Commodity inflation .ne. USD inflation, but we watch carefully.
- Ned
Dear Theta Virgin - Get out while you can. The "secret" of being long options is that the leverage that allows you to "control" (psst: there is no control) such large nominal positions amounts to a loan taken out on the whole notional amount. Chances are that time decay will ultimately melt both positions like ice cream in the noonday sun. And if you bought recently, you will have paid out through the nose for vega, which will tend to revert to its historical mean, gutting the value of your get rich quick scheme. Of course you could be one of the few for which the dream of unearned wealth comes true. And if so, then I salute you. Somebody's got to be that guy. Speaking from bitter experience, I say Good Luck with that, you'll need it. The best advice, if this position is risking more than 2% of your capital, would be to scale down or get out. Now.

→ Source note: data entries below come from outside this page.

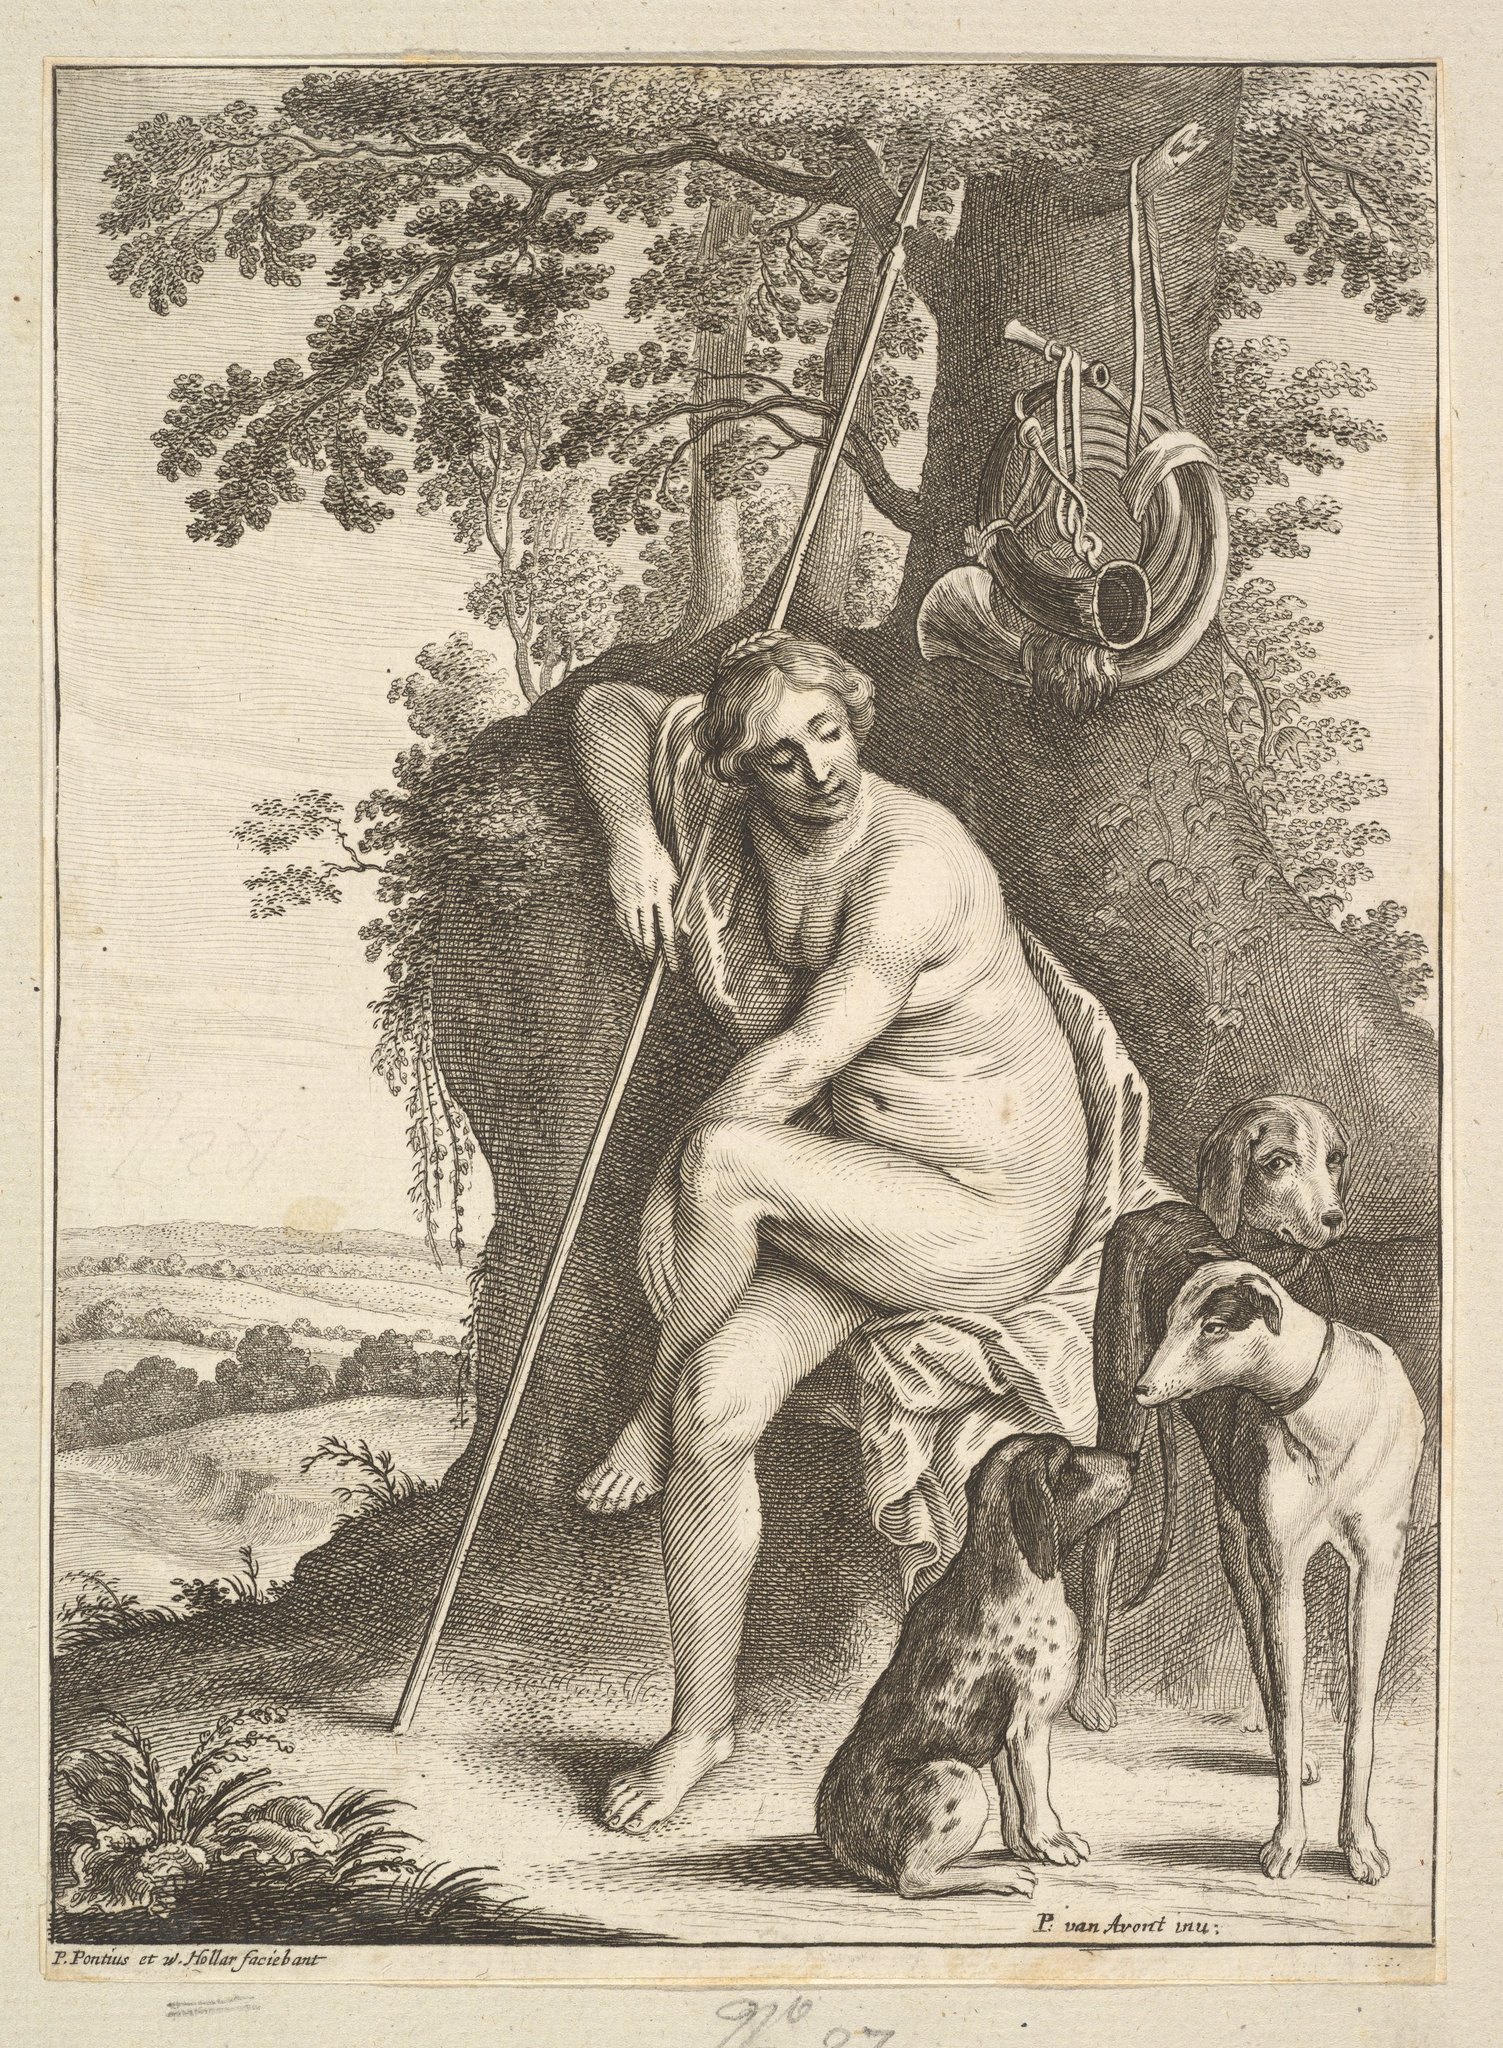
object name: print
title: Seated figure of Diana the huntress
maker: wenceslaus hollar
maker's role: artist
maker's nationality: bohemian
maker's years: 1607-1677
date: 1644-1652
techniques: drypoint, engraving, etching
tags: musical instruments,diana,dogs,trees

Yes but .... Goldman Sachs will just cancel whichever is the winning trade and stick you a margin call on the other ;-p
Is something looking bullish ?
http://stockmarket618.wordpress.com
http://www.zerohedge.com/forum/latest-market-outlook-1
The world truly becomes more complicated with each passing second.
I'm trying to budget for retirement. Can anyone tell me what the Poor Schmuck Taxpayer Bank Bailout Rate (PSTBB) is?
Don't bother budgeting for retirement unless you are retiring within the next 5 years.
Beyond that, it is highly unlikely that any of us will see the type of retirement years that require budgeting.
All you need to know is that debt begets debt. The more created, the more needs to be created.
Better to spend your time researching and developing a solid investment strategy that both protects wealth and multiplies it.
The days of golf resort retirement in gated Florida communities are limited.
However, if you really want a well planned budget the spend-nothing-make-as-much-as-possible budget works very well.
LIeBOR.
The fact that the LBMA reported gold lease rate (which is derived by subtracting GOFO from LIBOR) started showing up as negative from March 2009 is further proof something is wrong with LIBOR - http://www.lbma.org.uk/?area=stats&page=gofo/2009gofo I can guarantee you bullion banks aren't paying anyone to borrow gold.
In hindsight, one early indicator that something was seriously wrong with the credit markets was when 1-month libor stopped moving in Sep 06. Day after day for months it never moved more than a fraction of a bp. Banks were reporting a rate, but there was no real activity associated with it. It started moving again as soon as the SHTF in July 07.